TASK GOAL – Exactly reproduce all the records, keeping pictures out of the copy.

+ + + + +

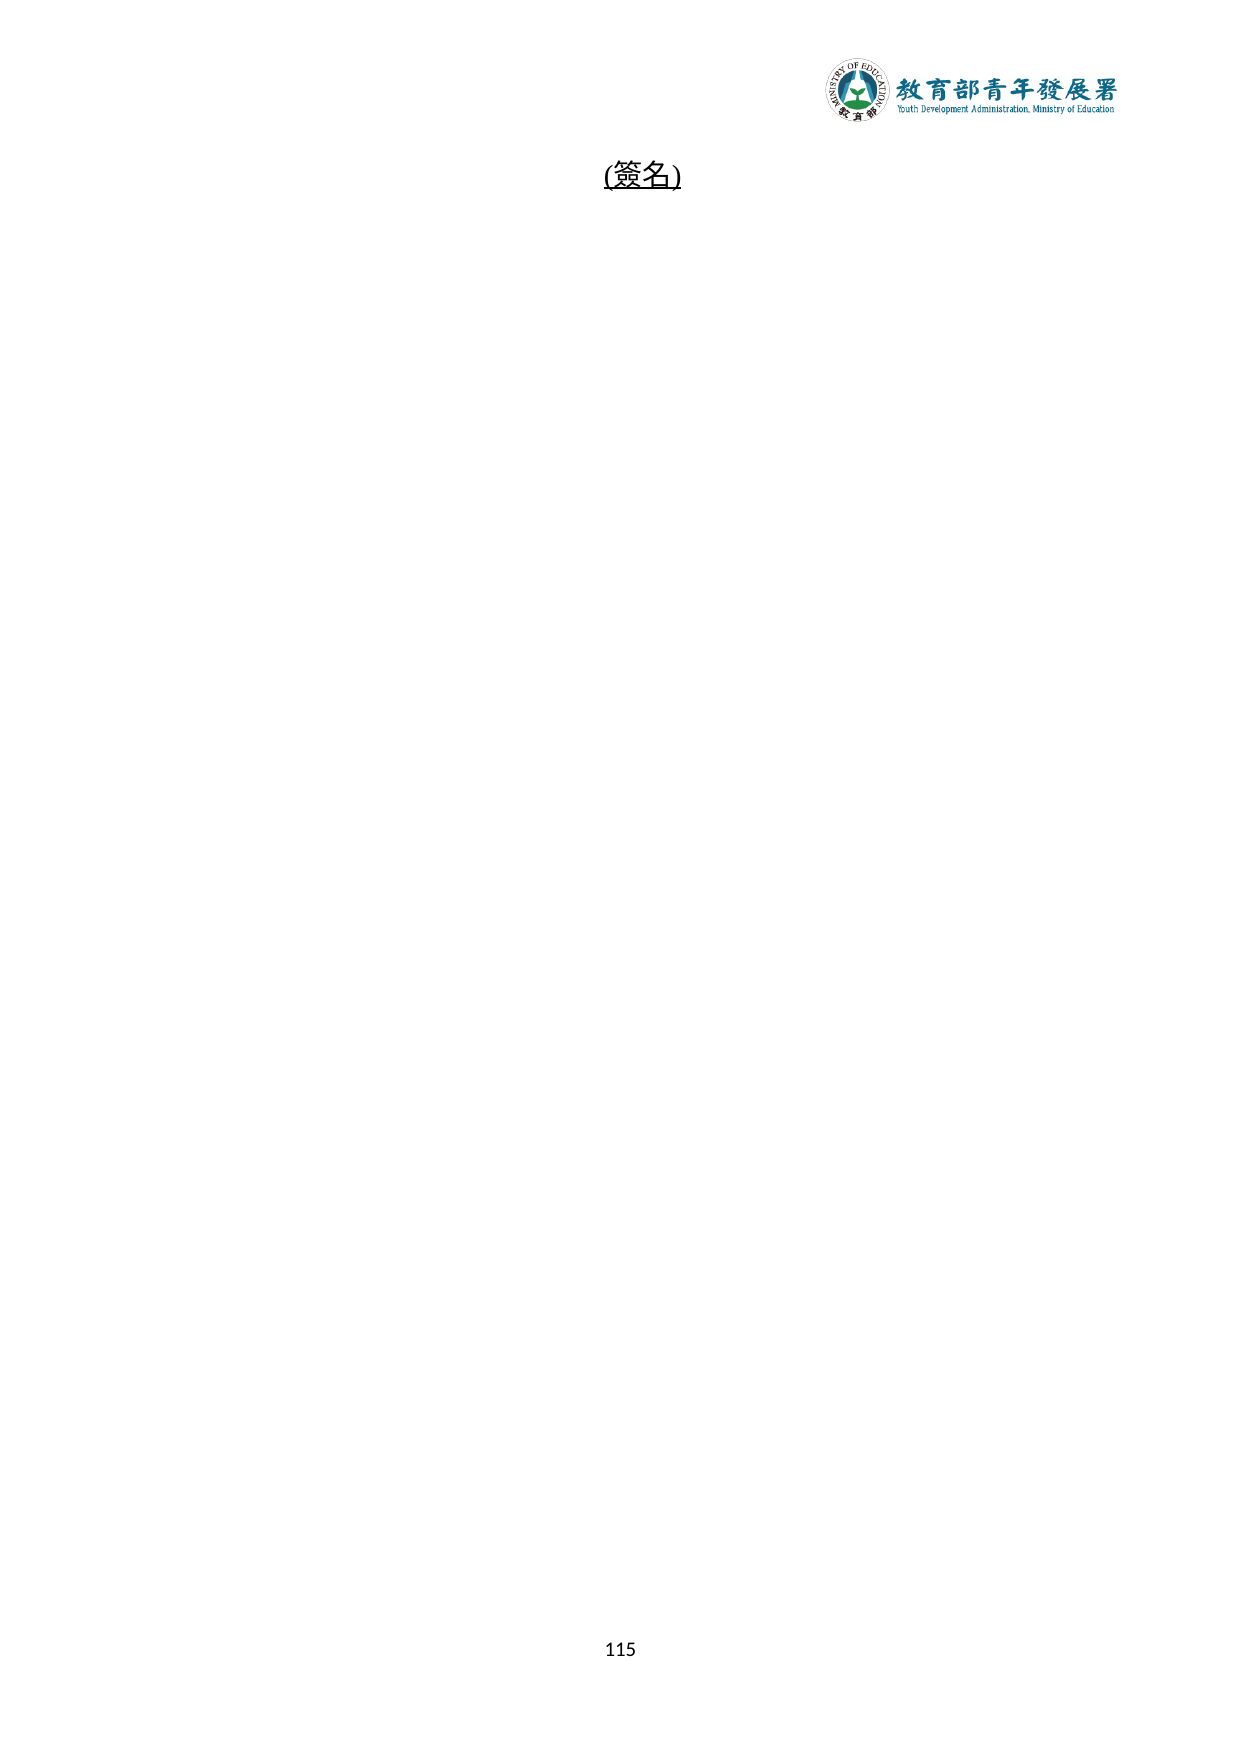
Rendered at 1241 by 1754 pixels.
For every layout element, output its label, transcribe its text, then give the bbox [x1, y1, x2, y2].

table_header [118, 131, 570, 193]
table_header [715, 131, 1122, 193]
table_header (簽名) [570, 131, 715, 193]

+ + + + +

PROBLEM SOLUTION –
Rendered at 1241 by 1754 pixels.
For every layout element, output its label, transcribe its text, then give the bbox [x1, y1, x2, y2].

table_header [118, 131, 570, 193]
table_header [715, 131, 1122, 193]
table_header (簽名) [570, 131, 715, 193]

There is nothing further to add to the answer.